Taiwanese legal scholar and politician

Perng Shaw-jiin (彭紹瑾 (Péng Shàojǐn); born 28 February 1957) is a Taiwanese legal scholar and politician.

==Education and early career==
Perng graduated from National Taiwan University with a Bachelor of Laws (LL.B.) and earned a Master of Laws (LL.M.) from Soochow University.

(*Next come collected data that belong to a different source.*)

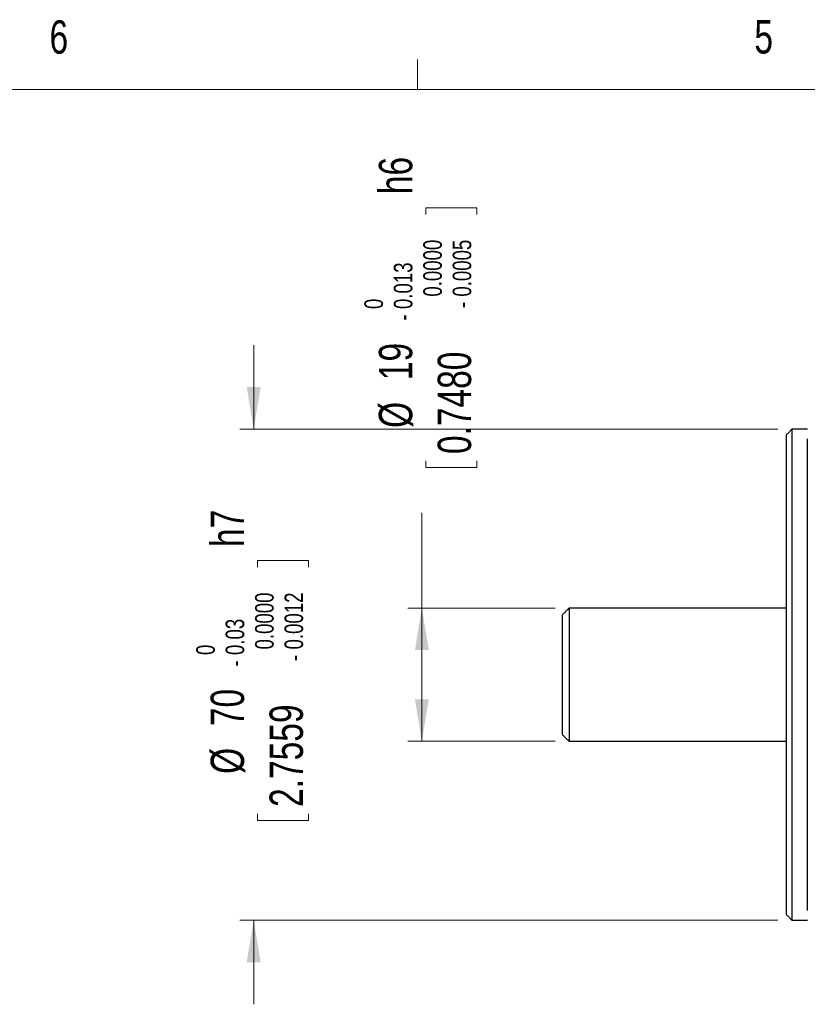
# Model space of a CAD drawing. Header units: millimetres. Extents: x 11 to 421, y 5 to 275.
# Tile 13 of 17: x 138 to 194, y 205 to 275. Entities that reach past the tile are written whole.
import ezdxf

# ---------------------------------------------------------------- set-up
doc = ezdxf.new("R2010")
doc.units = ezdxf.units.MM
doc.styles.add('SLDTEXTSTYLE0', font='TXT', dxfattribs={"width": 0.75})
doc.dimstyles.new('SLDDIMSTYLE10', dxfattribs={"dimtxt": 2.38125, "dimasz": 3, "dimexe": 0, "dimexo": 0.0625, "dimgap": 0.595313, "dimtad": 0, "dimdec": 3, "dimlfac": 2, "dimrnd": 1e-09, "dimzin": 12, "dimdsep": 46, "dimtxsty": 'SLDTEXTSTYLE0', "dimsah": 1, "dimcen": 0.09, "dimadec": 0, "dimazin": 0, "dimtol": 1, "dimtm": 0.013, "dimtfac": 1.8, "dimtdec": 3, "dimtofl": 0, "dimtmove": 0, "dimatfit": 3, "dimfxl": 1, "dimtolj": 1, "dimtzin": 0, "dimarcsym": 0})
doc.dimstyles.new('SLDDIMSTYLE9', dxfattribs={"dimtxt": 2.38125, "dimasz": 3, "dimexe": 0, "dimexo": 0.0625, "dimgap": 0.595313, "dimtad": 0, "dimlfac": 2, "dimrnd": 1e-09, "dimzin": 12, "dimdsep": 46, "dimtxsty": 'SLDTEXTSTYLE0', "dimsah": 1, "dimcen": 0.09, "dimadec": 0, "dimazin": 0, "dimtol": 1, "dimtm": 0.03, "dimtfac": 1.8, "dimtofl": 0, "dimtmove": 0, "dimatfit": 3, "dimfxl": 1, "dimtolj": 1, "dimtzin": 0, "dimarcsym": 0})

# ---------------------------------------------------------------- blocks, each defined once
blk = doc.blocks.new('*D17')
at = {"color": 7, "linetype": 'Continuous', "lineweight": 0}
for p, q in [((154.233, 246.098), (154.233, 252.098)), ((191.636, 246.098), (153.233, 246.098)), ((154.517, 236.736), (158.151, 236.736)), ((154.517, 236.736), (154.517, 236.253)), ((158.151, 236.736), (158.151, 236.253)), ((154.517, 218.207), (154.517, 218.689)), ((158.151, 218.207), (158.151, 218.689)), ((154.517, 218.207), (158.151, 218.207)), ((191.636, 211.098), (153.233, 211.098)), ((154.233, 211.098), (154.233, 205.098))]:
    blk.add_line(p, q, dxfattribs=at)
for points in [[(154.233, 246.098), (154.733, 249.098), (153.733, 249.098)], [(154.233, 211.098), (153.733, 208.098), (154.733, 208.098)]]:
    blk.add_solid(points, dxfattribs=at)
at = {"color": 7, "linetype": 'Continuous', "lineweight": 0, "attachment_point": 1, "rotation": 90, "style": 'SLDTEXTSTYLE0'}
for s, insert, char_height in [('h7', (151.164, 237.7), 2.3813), ('0.0000', (154.333, 230.397), 1.3229), ('0.0012', (156.433, 230.397), 1.3229), ('0.03', (152.232, 229.999), 1.3229), ('0', (150.132, 229.999), 1.323), ('-', (152.232, 229.174), 1.323), ('-', (156.433, 229.572), 1.323), ('2.7559', (155.365, 219.171), 2.3813), ('70', (151.164, 224.93), 2.3813), ('%%c', (151.164, 221.525), 2.3813)]:
    blk.add_mtext(s, dxfattribs=dict(at, insert=insert, char_height=char_height))
blk = doc.blocks.new('*D18')
at = {"color": 7, "linetype": 'Continuous', "lineweight": 0}
for p, q in [((166.517, 261.891), (170.151, 261.891)), ((166.517, 261.891), (166.517, 261.409)), ((170.151, 261.891), (170.151, 261.409)), ((166.517, 243.362), (166.517, 243.844)), ((170.151, 243.362), (170.151, 243.844)), ((166.517, 243.362), (170.151, 243.362)), ((166.233, 233.348), (166.233, 240.136)), ((175.736, 233.348), (165.233, 233.348)), ((166.233, 223.848), (166.233, 233.348)), ((175.736, 223.848), (165.233, 223.848))]:
    blk.add_line(p, q, dxfattribs=at)
for points in [[(166.233, 233.348), (165.733, 230.348), (166.733, 230.348)], [(166.233, 223.848), (166.733, 226.848), (165.733, 226.848)]]:
    blk.add_solid(points, dxfattribs=at)
at = {"color": 7, "linetype": 'Continuous', "lineweight": 0, "attachment_point": 1, "rotation": 90, "style": 'SLDTEXTSTYLE0'}
for s, insert, char_height in [('h6', (163.164, 262.856), 2.3813), ('0.0000', (166.333, 255.552), 1.3229), ('0.0005', (168.433, 255.552), 1.3229), ('0.013', (164.232, 254.666), 1.3229), ('0', (162.132, 254.666), 1.323), ('-', (168.433, 254.727), 1.323), ('-', (164.232, 253.841), 1.323), ('0.7480', (167.365, 244.327), 2.3813), ('19', (163.164, 249.597), 2.3813), ('%%c', (163.164, 246.192), 2.3813)]:
    blk.add_mtext(s, dxfattribs=dict(at, insert=insert, char_height=char_height))

msp = doc.modelspace()

# ---------------------------------------------------------------- linework, layer by layer
at = {"color": 7, "linetype": 'Continuous', "lineweight": 0}
for p, q in [((165.91919, 270.30866), (165.91919, 272.46256)), ((15.90679, 270.30866), (415.95679, 270.30866))]:
    msp.add_line(p, q, dxfattribs=at)
at = {"color": 7, "linetype": 'Continuous', "lineweight": 30}
for p, q in [((192.63619, 246.0978), (192.63619, 211.0978)), ((193.73619, 245.41483), (193.73619, 211.78077)), ((176.73595, 233.3478), (176.73595, 223.8478))]:
    msp.add_line(p, q, dxfattribs=at)
for points, degree in [([(192.63619, 246.0978), (192.23369, 245.6953)], 1), ([(192.23619, 245.6978), (192.23619, 245.68765), (192.23619, 245.66734), (192.23619, 245.50338), (192.23619, 245.24277), (192.23619, 244.87751), (192.23619, 244.41242), (192.23619, 243.84968), (192.23619, 243.19295), (192.23619, 242.44622), (192.23619, 241.61412), (192.23619, 240.70177), (192.23619, 239.71479), (192.23619, 238.65927), (192.23619, 237.54172), (192.23619, 236.36902), (192.23619, 235.14842), (192.23619, 233.88743), (192.23619, 232.59382), (192.23619, 231.27558), (192.23619, 229.94083), (192.23619, 228.5978), (192.23619, 227.25477), (192.23619, 225.92002), (192.23619, 224.60178), (192.23619, 223.30818), (192.23619, 222.04718), (192.23619, 220.82658), (192.23619, 219.65389), (192.23619, 218.53634), (192.23619, 217.48082), (192.23619, 216.49384), (192.23619, 215.58148), (192.23619, 214.74938), (192.23619, 214.00266), (192.23619, 213.34592), (192.23619, 212.78319), (192.23619, 212.3181), (192.23619, 211.95283), (192.23619, 211.69222), (192.23619, 211.52827), (192.23619, 211.50796), (192.23619, 211.4978)], 3), ([(193.73869, 246.0978), (192.63619, 246.0978)], 1), ([(176.73595, 233.3478), (176.23345, 232.8453)], 1), ([(192.23619, 233.3478), (176.73595, 233.3478)], 1), ([(176.23595, 232.8478), (176.23595, 232.84078), (176.23595, 232.82675), (176.23595, 232.71385), (176.23595, 232.53575), (176.23595, 232.28887), (176.23595, 231.97921), (176.23595, 231.6116), (176.23595, 231.19244), (176.23595, 230.72888), (176.23595, 230.22886), (176.23595, 229.70093), (176.23595, 229.15412), (176.23595, 228.78324), (176.23595, 228.5978)], 3), ([(176.23595, 228.5978), (176.23595, 228.41236), (176.23595, 228.04148), (176.23595, 227.49467), (176.23595, 226.96675), (176.23595, 226.46672), (176.23595, 226.00317), (176.23595, 225.58401), (176.23595, 225.21639), (176.23595, 224.90673), (176.23595, 224.65985), (176.23595, 224.48175), (176.23595, 224.36885), (176.23595, 224.35482), (176.23595, 224.3478)], 3), ([(176.23345, 224.3503), (176.73595, 223.8478)], 1), ([(176.73595, 223.8478), (192.23619, 223.8478)], 1), ([(192.23369, 211.5003), (192.63619, 211.0978)], 1), ([(192.63619, 211.0978), (193.73869, 211.0978)], 1)]:
    msp.add_open_spline(points, degree=degree, dxfattribs=at)

# ---------------------------------------------------------------- texts
at = {"color": 7, "linetype": 'Continuous', "lineweight": 0, "char_height": 2.38125, "attachment_point": 1, "style": 'SLDTEXTSTYLE0'}
for s, insert in [('6', (139.66667, 275.25341)), ('5', (189.95884, 275.26704))]:
    msp.add_mtext(s, dxfattribs=dict(at, insert=insert))

# ---------------------------------------------------------------- dimensions: what is measured, and where the dimension line sits
at = {"color": 7, "linetype": 'Continuous', "lineweight": 0}
for base, p1, p2, text, dimstyle, picture, middle in [((166.23345, 223.8478), (176.73595, 233.3478), (176.73595, 223.8478), '%%c<>h6', 'SLDDIMSTYLE10', '*D18', (166.23345, 254.2832)), ((154.23345, 211.0978), (192.63619, 246.0978), (192.63619, 211.0978), '%%c<>h7', 'SLDDIMSTYLE9', '*D17', (154.23345, 229.12779))]:
    dim = msp.add_linear_dim(base=base, p1=p1, p2=p2, angle=90, text=text, dimstyle=dimstyle, dxfattribs=at)
    dim.commit()
    dim.dimension.update_dxf_attribs({"geometry": picture, "text_midpoint": middle, "dimtype": 160})

doc.saveas('drawing.dxf')

He then completed doctoral studies in Germany, where he earned his Ph.D. in law from LMU Munich in 1994. His doctoral dissertation was titled, "Theorie und Praxis des Parteiverbotssystems mit Blick auf seine Entwicklung in Deutschland".

After receiving his doctorate, Perng taught law at Soochow and Ming Chuan University and worked for the Taoyuan Public Prosecutor's Office in the early 1990s.

==Political career==
Perng was first named to the Legislative Yuan in 1996, and stabbed by gang members his first year in office. He ran for Taoyuan County Magistrate in 2001, losing to Eric Chu. Perng returned to the Legislative Yuan from 2005 to 2008, before stepping down. The election of Chiu Ching-chun as Hsinchu County Magistrate in 2009 triggered a by-election for his legislative seat. Perng ran for the position and won by 15,283 votes. Perng represented Hsinchu County until 2012, when he was succeeded by Hsu Hsin-ying.